Some of the industry’s problems will pass, although even these temporary factors could take several years to resolve. Poor results for the oil majors for the third quarter of the year, in spite of the high oil price, in part reflected soaring costs, caused by shortages of skilled staff, equipment and steel. A survey from IHS, a consultancy, found that capital costs for projects in the upstream end of the oil and gas industry – exploration and production – were rising at an annual rate of 14 per cent in the six months to March this year.

However, the industry is recruiting hard, and there is a lot of investment going into new equipment such as drilling rigs, adding to capacity and easing shortages. Andrew Gould, the chief executive of Schlumberger, the world’s biggest oil services company, said recently he expected the rate of cost inflation to slow.

The more fundamental question for the IOCs is how they will manage to get access to the oil and gas resources they need to grow. Output from mature fields will usually decline steadily, meaning oil companies run to stand still. And most of the world’s resources are controlled by countries that are, to varying degrees, sceptical about the need to offer western companies a share of the proceeds.

PFC Energy, another consultancy, calculates just 7 per cent of the world’s oil and gas reserves are freely available to IOCs, with another 16 per cent held by Russian companies, 12 per cent by national oil companies prepared to offer equity access and 65 per cent by NOCs that offer little or no equity access.

As the price of oil has risen, countries including Algeria, Russia and Venezuela have seen the opportunity to take greater control of their resources, and are no longer prepared to allow IOCs access on terms that were acceptable in the past. Prof Stern says: “The IOCs’ value proposition has always been: ‘We’ve got the capacity to handle major projects, we’ve got large financial resources and we’ve got technology.’ When you look at the countries that have resources, you have to question whether that proposition works any more.”

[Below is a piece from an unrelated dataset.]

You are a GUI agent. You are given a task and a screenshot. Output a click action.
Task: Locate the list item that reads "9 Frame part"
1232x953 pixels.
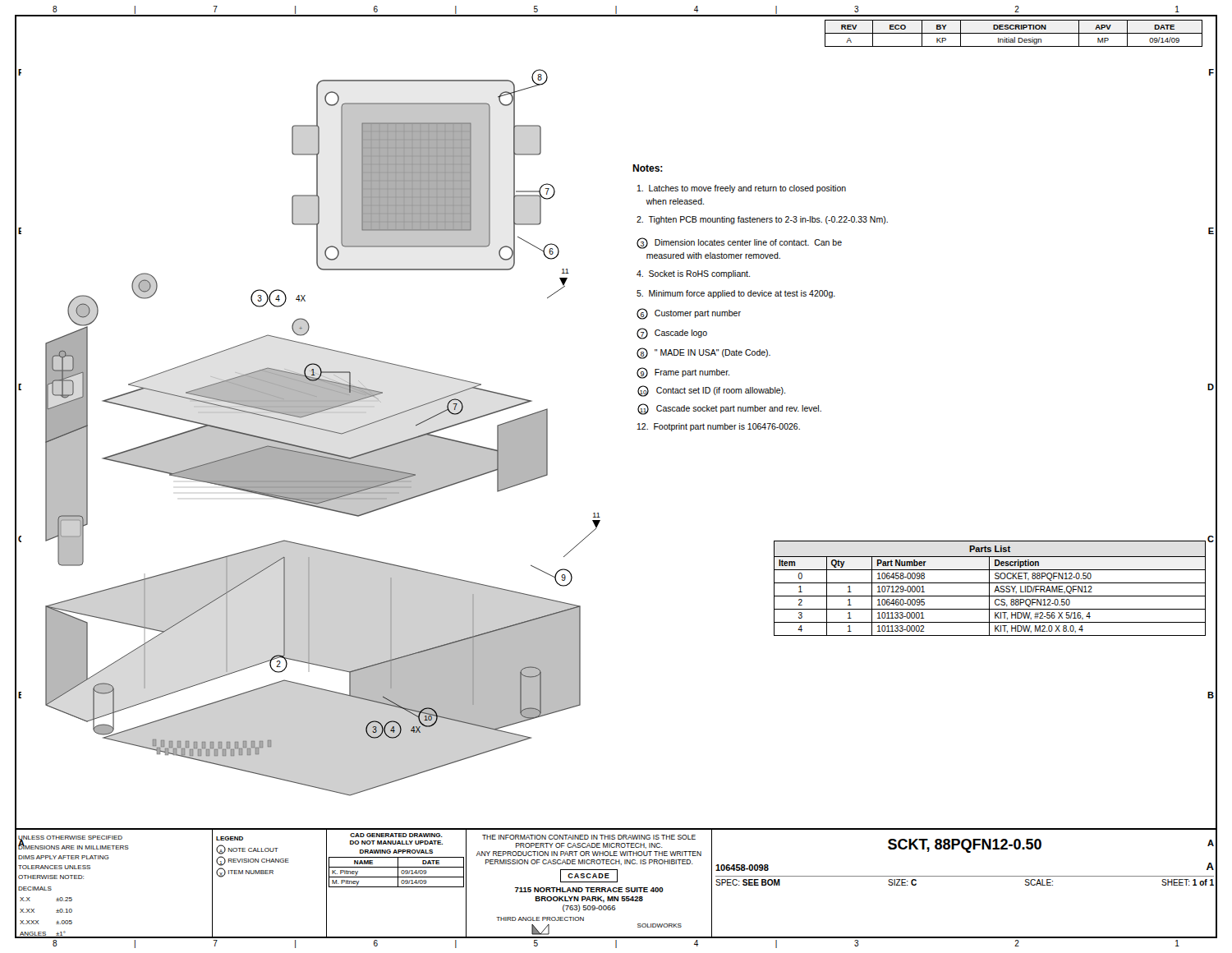683,373

Technology for everything from surveying territory to processing products is available from Schlumberger and the other services companies, so IOCs no longer have any particular advantage there. Finance has rarely been a problem for countries enjoying huge cash inflows as a result of high prices.

The responses of IOCs have varied. European companies such as Eni, Total and BP have placed more stress on having good relationships in the countries where they operate, as seen for example in Eni’s willingness recently to renegotiate its contracts in Libya to allow the government more generous terms.

But for all of them, the bottom line is the same: IOCs have to show that they can offer something that NOCs and service companies cannot. That means two things: securing access to markets, and enabling the exploitation of difficult resources, such as unconventional oil and gas, or production in deep water or the Arctic that would otherwise be inaccessible.

“There are a couple of things that the IOCs can do. They are the still the principal sources of risk capital for investment in challenging projects such as deep water exploration and development. And they have the greatest ability to manage large, complex, capital-intensive projects,” says Robin West of PFC. “Being able to manage the complex integration of projects, all the way from exploration to marketing, is very valuable.”

The success of Total and StatoilHydro in being invited to join Gazprom’s Shtokman development, a difficult project involving Arctic production and liquefied natural gas exports, looks like a harbinger of the sort of deals that IOCs are likely to be able to win in the future. For that reason, it is particularly serious for IOCs when their project management skills are called into question by spiralling costs, as they were at projects such as Sakhalin 2 in Russia, operated by Royal Dutch Shell, and Kashagan in Kazakhstan, led by Eni of Italy.

The IOCs that succeed in minimising that kind of slip-up should still have a future, although it is likely to be tougher than their past. For those that fail, the outlook is bleak.